[Start of section]
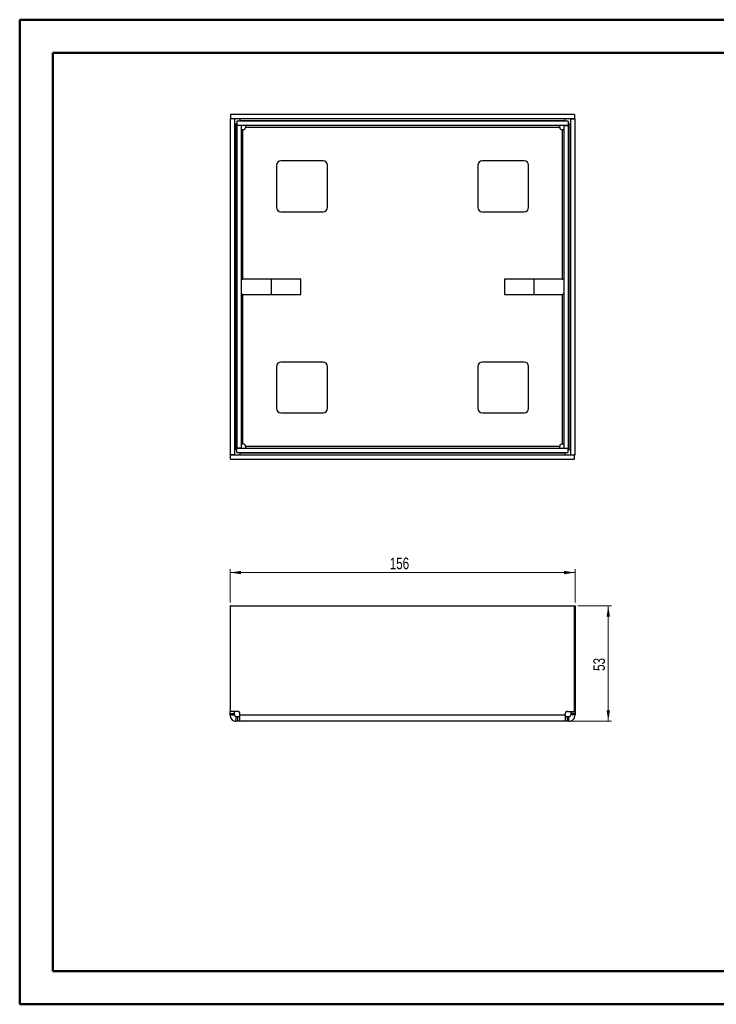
# Model space of a CAD drawing. Header units: millimetres. Extents: x 0 to 420, y 0 to 297.
# Tile 1 of 2: x 0 to 210, y 0 to 297. Entities that reach past the tile are written whole.
import ezdxf

# ---------------------------------------------------------------- set-up
doc = ezdxf.new("R2010")
doc.units = ezdxf.units.MM
doc.styles.add('SLDTEXTSTYLE1', font='TXT', dxfattribs={"width": 0.75})
doc.dimstyles.new('SLDDIMSTYLE0', dxfattribs={"dimtxt": 3.5, "dimasz": 3.302, "dimexe": 0, "dimexo": 0.0625, "dimgap": 0.875, "dimtad": 1, "dimlfac": 1.5, "dimrnd": 1e-09, "dimzin": 12, "dimdsep": 46, "dimtxsty": 'SLDTEXTSTYLE1', "dimsah": 1, "dimcen": 0.09, "dimadec": 0, "dimazin": 3, "dimtfac": 1, "dimtofl": 0, "dimtmove": 0, "dimatfit": 3, "dimfxl": 0, "dimfrac": 2, "dimtolj": 1, "dimtzin": 12, "dimarcsym": 0})

# ---------------------------------------------------------------- blocks, each defined once
blk = doc.blocks.new('_D')
at = {"color": 7, "linetype": 'Continuous', "lineweight": 0}
for p, q in [((168.68, 120.45), (178.81, 120.45)), ((177.81, 120.45), (177.81, 85.62)), ((165.85, 85.62), (178.81, 85.62))]:
    blk.add_line(p, q, dxfattribs=at)
at = {"color": 7, "linetype": 'Continuous', "lineweight": 18}
for points in [[(177.81, 120.45), (177.31, 117.15), (178.32, 117.15)], [(177.81, 85.62), (178.32, 88.92), (177.31, 88.92)]]:
    blk.add_solid(points, dxfattribs=at)
at = {"color": 7, "linetype": 'Continuous', "lineweight": 18, "insert": (173.3, 100.78), "char_height": 3.5, "attachment_point": 1, "rotation": 90, "style": 'SLDTEXTSTYLE1'}
blk.add_mtext('53', dxfattribs=at)
blk = doc.blocks.new('_D_1')
at = {"color": 7, "linetype": 'Continuous', "lineweight": 0}
for p, q in [((63.81, 121.45), (63.81, 131.45)), ((167.81, 121.45), (167.81, 131.45)), ((63.81, 130.45), (167.81, 130.45))]:
    blk.add_line(p, q, dxfattribs=at)
at = {"color": 7, "linetype": 'Continuous', "lineweight": 18}
for points in [[(63.81, 130.45), (67.12, 129.94), (67.12, 130.96)], [(167.81, 130.45), (164.51, 130.96), (164.51, 129.94)]]:
    blk.add_solid(points, dxfattribs=at)
at = {"color": 7, "linetype": 'Continuous', "lineweight": 18, "insert": (111.93, 134.96), "char_height": 3.5, "attachment_point": 1, "style": 'SLDTEXTSTYLE1'}
blk.add_mtext('156', dxfattribs=at)

msp = doc.modelspace()

# ---------------------------------------------------------------- linework, layer by layer
at = {"color": 7, "linetype": 'Continuous', "lineweight": 50}
for p, q in [((0.3793, 0.2148), (0.3793, 297.2148)), ((0.3793, 297.2148), (420.3793, 297.2148)), ((10.3793, 10.2148), (10.3793, 287.2148)), ((10.3793, 287.2148), (410.3793, 287.2148)), ((10.3793, 10.2148), (410.3793, 10.2148)), ((0.3793, 0.2148), (420.3793, 0.2148))]:
    msp.add_line(p, q, dxfattribs=at)
at = {"color": 7, "linetype": 'Continuous', "lineweight": 25}
for p, q in [((63.9474, 268.6264), (63.9474, 267.293)), ((167.6807, 268.6264), (63.9474, 268.6264)), ((167.6807, 268.6264), (167.6807, 267.293)), ((65.1474, 267.2597), (63.814, 267.2597)), ((63.814, 267.2597), (63.814, 165.993)), ((167.6807, 267.293), (63.9474, 267.293)), ((65.1474, 267.2597), (65.1474, 165.993)), ((65.6807, 167.5924), (65.6807, 265.6603)), ((65.6807, 265.6603), (65.8807, 265.6603)), ((65.814, 265.2597), (65.814, 167.993)), ((67.1474, 265.2597), (65.814, 265.2597)), ((165.7474, 266.6264), (65.8807, 266.6264)), ((65.8807, 266.6264), (65.8807, 265.293)), ((165.7474, 265.293), (65.8807, 265.293)), ((66.7801, 266.7597), (164.848, 266.7597)), ((66.7801, 266.6264), (66.7801, 266.7597)), ((67.1474, 265.2597), (67.1474, 167.993)), ((68.4468, 264.7597), (163.1813, 264.7597)), ((68.4468, 264.7597), (68.4468, 264.6603)), ((163.1813, 264.6603), (163.1813, 264.7597)), ((164.4807, 265.2597), (165.814, 265.2597)), ((164.4807, 167.993), (164.4807, 265.2597)), ((164.848, 266.7597), (164.848, 266.6264)), ((165.7474, 266.6264), (165.7474, 265.293)), ((165.7474, 265.6603), (165.9474, 265.6603)), ((165.814, 167.993), (165.814, 265.2597)), ((165.9474, 265.6603), (165.9474, 167.5924)), ((166.4807, 267.2597), (167.814, 267.2597)), ((166.4807, 165.993), (166.4807, 267.2597)), ((167.814, 165.993), (167.814, 267.2597)), ((67.6807, 218.9597), (67.6807, 263.9936)), ((67.7801, 263.9936), (67.6807, 263.9936)), ((163.9474, 263.9936), (163.848, 263.9936)), ((163.9474, 263.9936), (163.9474, 218.9597)), ((77.814, 253.293), (77.814, 240.6264)), ((91.814, 254.6264), (79.1474, 254.6264)), ((93.1474, 240.6264), (93.1474, 253.293)), ((138.4807, 253.293), (138.4807, 240.6264)), ((152.4807, 254.6264), (139.814, 254.6264)), ((153.814, 240.6264), (153.814, 253.293)), ((79.1474, 239.293), (91.814, 239.293)), ((139.814, 239.293), (152.4807, 239.293)), ((67.1474, 218.9597), (67.6807, 218.9597)), ((85.1474, 218.9597), (67.6807, 218.9597)), ((76.1474, 218.9597), (76.1474, 214.293)), ((85.1474, 214.293), (85.1474, 218.9597)), ((163.9474, 218.9597), (146.4807, 218.9597)), ((146.4807, 218.9597), (146.4807, 214.293)), ((155.4807, 214.293), (155.4807, 218.9597)), ((163.9474, 218.9597), (164.4807, 218.9597)), ((67.6807, 214.293), (67.1474, 214.293)), ((67.6807, 169.2591), (67.6807, 214.293)), ((67.6807, 214.293), (85.1474, 214.293)), ((146.4807, 214.293), (163.9474, 214.293)), ((163.9474, 214.293), (163.9474, 169.2591)), ((164.4807, 214.293), (163.9474, 214.293)), ((91.814, 193.9597), (79.1474, 193.9597)), ((152.4807, 193.9597), (139.814, 193.9597)), ((77.814, 192.6264), (77.814, 179.9597)), ((93.1474, 179.9597), (93.1474, 192.6264)), ((138.4807, 192.6264), (138.4807, 179.9597)), ((153.814, 179.9597), (153.814, 192.6264)), ((79.1474, 178.6264), (91.814, 178.6264)), ((139.814, 178.6264), (152.4807, 178.6264)), ((65.8807, 167.5924), (65.6807, 167.5924)), ((67.1474, 167.993), (65.814, 167.993)), ((65.8807, 166.6264), (65.8807, 167.9597)), ((65.8807, 167.9597), (165.7474, 167.9597)), ((65.8807, 166.6264), (165.7474, 166.6264)), ((66.7801, 166.493), (66.7801, 166.6264)), ((164.848, 166.493), (66.7801, 166.493)), ((67.6807, 169.2591), (67.7801, 169.2591)), ((68.4468, 168.5924), (68.4468, 168.493)), ((163.1813, 168.493), (68.4468, 168.493)), ((163.1813, 168.493), (163.1813, 168.5924)), ((163.848, 169.2591), (163.9474, 169.2591)), ((164.4807, 167.993), (165.814, 167.993)), ((164.848, 166.6264), (164.848, 166.493)), ((165.7474, 166.6264), (165.7474, 167.9597)), ((165.9474, 167.5924), (165.7474, 167.5924)), ((65.1474, 165.993), (63.814, 165.993)), ((63.9474, 165.9597), (167.6807, 165.9597)), ((63.9474, 164.6264), (63.9474, 165.9597)), ((63.9474, 164.6264), (167.6807, 164.6264)), ((166.4807, 165.993), (167.814, 165.993)), ((167.6807, 164.6264), (167.6807, 165.9597)), ((63.814, 120.4508), (63.814, 88.5835)), ((63.9474, 120.4508), (63.814, 120.4508)), ((63.9474, 88.5835), (63.9474, 120.4508)), ((63.9474, 120.4508), (167.6807, 120.4508)), ((167.6807, 88.5835), (167.6807, 120.4508)), ((167.6807, 120.4508), (167.814, 120.4508)), ((167.814, 120.4508), (167.814, 88.5835)), ((63.814, 88.5835), (63.9474, 88.5835)), ((63.814, 87.9168), (63.814, 88.5835)), ((63.814, 87.9168), (65.1474, 87.9168)), ((63.814, 87.4841), (63.814, 87.9168)), ((63.814, 87.4841), (65.1474, 87.4841)), ((66.1134, 88.5835), (63.9474, 88.5835)), ((65.1474, 87.9168), (65.1474, 88.5835)), ((65.1474, 87.4841), (65.1474, 87.9168)), ((65.6807, 85.6174), (65.6807, 86.9508)), ((66.1134, 86.9508), (65.6807, 86.9508)), ((66.1134, 85.6174), (66.1134, 86.9508)), ((66.7801, 86.9508), (66.1134, 86.9508)), ((66.7801, 87.4841), (66.7801, 87.9168)), ((66.7801, 87.4841), (164.848, 87.4841)), ((164.848, 87.4841), (164.848, 87.9168)), ((165.5146, 86.9508), (164.848, 86.9508)), ((165.5146, 88.5835), (167.6807, 88.5835)), ((165.5146, 85.6174), (165.5146, 86.9508)), ((165.9474, 86.9508), (165.5146, 86.9508)), ((165.9474, 85.6174), (165.9474, 86.9508)), ((166.4807, 88.5835), (166.4807, 87.9168)), ((167.814, 87.9168), (166.4807, 87.9168)), ((166.4807, 87.9168), (166.4807, 87.4841)), ((167.814, 87.4841), (166.4807, 87.4841)), ((167.814, 88.5835), (167.6807, 88.5835)), ((167.814, 88.5835), (167.814, 87.9168)), ((167.814, 87.9168), (167.814, 87.4841)), ((66.1134, 85.6174), (65.6807, 85.6174)), ((66.7801, 85.6174), (66.1134, 85.6174)), ((164.848, 85.6174), (66.7801, 85.6174)), ((165.5146, 85.6174), (164.848, 85.6174)), ((165.9474, 85.6174), (165.5146, 85.6174))]:
    msp.add_line(p, q, dxfattribs=at)
for centre, radius, start, end in [((67.7801, 264.6603), 0.6667, 270, 0), ((163.848, 264.6603), 0.6667, 180, 270), ((79.1474, 253.293), 1.3333, 90, 180), ((91.814, 253.293), 1.3333, 0, 90), ((139.814, 253.293), 1.3333, 90, 180), ((152.4807, 253.293), 1.3333, 0, 90), ((79.1474, 240.6264), 1.3333, 180, 270), ((91.814, 240.6264), 1.3333, 270, 0), ((139.814, 240.6264), 1.3333, 180, 270), ((152.4807, 240.6264), 1.3333, 270, 0), ((79.1474, 192.6264), 1.3333, 90, 180), ((91.814, 192.6264), 1.3333, 0, 90), ((139.814, 192.6264), 1.3333, 90, 180), ((152.4807, 192.6264), 1.3333, 0, 90), ((79.1474, 179.9597), 1.3333, 180, 270), ((91.814, 179.9597), 1.3333, 270, 0), ((139.814, 179.9597), 1.3333, 180, 270), ((152.4807, 179.9597), 1.3333, 270, 0), ((67.7801, 168.5924), 0.6667, 0, 90), ((163.848, 168.5924), 0.6667, 90, 180), ((66.1134, 87.9168), 0.6667, 0, 90), ((165.5146, 87.9168), 0.6667, 90, 180)]:
    msp.add_arc(centre, radius, start, end, dxfattribs=at)
for points in [[(65.6807, 265.6603), (65.6108, 265.6603), (65.471, 265.6603), (65.2947, 265.6603), (65.1714, 265.6603), (65.1554, 265.6603), (65.1474, 265.6603)], [(66.7801, 267.293), (66.7801, 267.285), (66.7801, 267.269), (66.7801, 267.1456), (66.7801, 266.9693), (66.7801, 266.8296), (66.7801, 266.7597)], [(68.4468, 265.293), (68.4468, 265.285), (68.4468, 265.269), (68.4468, 265.1456), (68.4468, 264.9693), (68.4468, 264.8296), (68.4468, 264.7597)], [(163.1813, 264.7597), (163.1813, 264.8296), (163.1813, 264.9693), (163.1813, 265.1456), (163.1813, 265.269), (163.1813, 265.285), (163.1813, 265.293)], [(164.848, 266.7597), (164.848, 266.8296), (164.848, 266.9693), (164.848, 267.1456), (164.848, 267.269), (164.848, 267.285), (164.848, 267.293)], [(166.4807, 265.6603), (166.4727, 265.6603), (166.4566, 265.6603), (166.3333, 265.6603), (166.157, 265.6603), (166.0172, 265.6603), (165.9474, 265.6603)], [(67.6807, 263.9936), (67.6108, 263.9936), (67.471, 263.9936), (67.2947, 263.9936), (67.1714, 263.9936), (67.1554, 263.9936), (67.1474, 263.9936)], [(164.4807, 263.9936), (164.4727, 263.9936), (164.4566, 263.9936), (164.3333, 263.9936), (164.157, 263.9936), (164.0172, 263.9936), (163.9474, 263.9936)], [(65.1474, 167.5924), (65.1554, 167.5924), (65.1714, 167.5924), (65.2947, 167.5924), (65.471, 167.5924), (65.6108, 167.5924), (65.6807, 167.5924)], [(66.7801, 166.493), (66.7801, 166.4231), (66.7801, 166.2834), (66.7801, 166.1071), (66.7801, 165.9837), (66.7801, 165.9677), (66.7801, 165.9597)], [(67.1474, 169.2591), (67.1554, 169.2591), (67.1714, 169.2591), (67.2947, 169.2591), (67.471, 169.2591), (67.6108, 169.2591), (67.6807, 169.2591)], [(68.4468, 168.493), (68.4468, 168.4231), (68.4468, 168.2834), (68.4468, 168.1071), (68.4468, 167.9837), (68.4468, 167.9677), (68.4468, 167.9597)], [(163.1813, 167.9597), (163.1813, 167.9677), (163.1813, 167.9837), (163.1813, 168.1071), (163.1813, 168.2834), (163.1813, 168.4231), (163.1813, 168.493)], [(163.9474, 169.2591), (164.0172, 169.2591), (164.157, 169.2591), (164.3333, 169.2591), (164.4566, 169.2591), (164.4727, 169.2591), (164.4807, 169.2591)], [(164.848, 165.9597), (164.848, 165.9677), (164.848, 165.9837), (164.848, 166.1071), (164.848, 166.2834), (164.848, 166.4231), (164.848, 166.493)], [(165.9474, 167.5924), (166.0172, 167.5924), (166.157, 167.5924), (166.3333, 167.5924), (166.4566, 167.5924), (166.4727, 167.5924), (166.4807, 167.5924)], [(63.814, 87.4841), (63.8421, 87.2395), (63.8982, 86.7503), (64.3299, 86.1333), (64.9469, 85.7016), (65.4361, 85.6455), (65.6807, 85.6174)], [(65.1474, 87.4841), (65.1554, 87.4142), (65.1714, 87.2744), (65.2947, 87.0981), (65.471, 86.9748), (65.6108, 86.9588), (65.6807, 86.9508)], [(66.7801, 85.6174), (66.7801, 85.6455), (66.7801, 85.7016), (66.7801, 86.1333), (66.7801, 86.7503), (66.7801, 87.2395), (66.7801, 87.4841)], [(164.848, 87.4841), (164.848, 87.2395), (164.848, 86.7503), (164.848, 86.1333), (164.848, 85.7016), (164.848, 85.6455), (164.848, 85.6174)], [(165.9474, 86.9508), (166.0172, 86.9588), (166.157, 86.9748), (166.3333, 87.0981), (166.4566, 87.2744), (166.4727, 87.4142), (166.4807, 87.4841)], [(165.9474, 85.6174), (166.192, 85.6455), (166.6812, 85.7016), (167.2982, 86.1333), (167.7299, 86.7503), (167.786, 87.2395), (167.814, 87.4841)]]:
    msp.add_open_spline(points, degree=3, dxfattribs=at)

# ---------------------------------------------------------------- dimensions: what is measured, and where the dimension line sits
at = {"color": 7, "linetype": 'Continuous', "lineweight": 18}
dim = msp.add_linear_dim(base=(167.814, 130.4508), p1=(63.814, 120.4508), p2=(167.814, 120.4508), dimstyle='SLDDIMSTYLE0', dxfattribs=at)
dim.commit()
dim.dimension.update_dxf_attribs({"geometry": '_D_1', "text_midpoint": (115.814, 130.4508), "dimtype": 160})
dim = msp.add_linear_dim(base=(177.814, 85.6174), p1=(167.6807, 120.4508), p2=(164.848, 85.6174), angle=90, text='53', dimstyle='SLDDIMSTYLE0', dxfattribs=at)
dim.commit()
dim.dimension.update_dxf_attribs({"geometry": '_D', "text_midpoint": (177.814, 103.365), "dimtype": 160})

doc.saveas('drawing.dxf')
[End of section]
[TO DO]
Leave out all pictures and output each line exactly, from the top of the records through the line that holds "blk = doc.blocks.new('_D_1')".

[YOUR SOLUTION]
# Model space of a CAD drawing. Header units: millimetres. Extents: x 0 to 420, y 0 to 297.
# Tile 1 of 2: x 0 to 210, y 0 to 297. Entities that reach past the tile are written whole.
import ezdxf

# ---------------------------------------------------------------- set-up
doc = ezdxf.new("R2010")
doc.units = ezdxf.units.MM
doc.styles.add('SLDTEXTSTYLE1', font='TXT', dxfattribs={"width": 0.75})
doc.dimstyles.new('SLDDIMSTYLE0', dxfattribs={"dimtxt": 3.5, "dimasz": 3.302, "dimexe": 0, "dimexo": 0.0625, "dimgap": 0.875, "dimtad": 1, "dimlfac": 1.5, "dimrnd": 1e-09, "dimzin": 12, "dimdsep": 46, "dimtxsty": 'SLDTEXTSTYLE1', "dimsah": 1, "dimcen": 0.09, "dimadec": 0, "dimazin": 3, "dimtfac": 1, "dimtofl": 0, "dimtmove": 0, "dimatfit": 3, "dimfxl": 0, "dimfrac": 2, "dimtolj": 1, "dimtzin": 12, "dimarcsym": 0})

# ---------------------------------------------------------------- blocks, each defined once
blk = doc.blocks.new('_D')
at = {"color": 7, "linetype": 'Continuous', "lineweight": 0}
for p, q in [((168.68, 120.45), (178.81, 120.45)), ((177.81, 120.45), (177.81, 85.62)), ((165.85, 85.62), (178.81, 85.62))]:
    blk.add_line(p, q, dxfattribs=at)
at = {"color": 7, "linetype": 'Continuous', "lineweight": 18}
for points in [[(177.81, 120.45), (177.31, 117.15), (178.32, 117.15)], [(177.81, 85.62), (178.32, 88.92), (177.31, 88.92)]]:
    blk.add_solid(points, dxfattribs=at)
at = {"color": 7, "linetype": 'Continuous', "lineweight": 18, "insert": (173.3, 100.78), "char_height": 3.5, "attachment_point": 1, "rotation": 90, "style": 'SLDTEXTSTYLE1'}
blk.add_mtext('53', dxfattribs=at)
blk = doc.blocks.new('_D_1')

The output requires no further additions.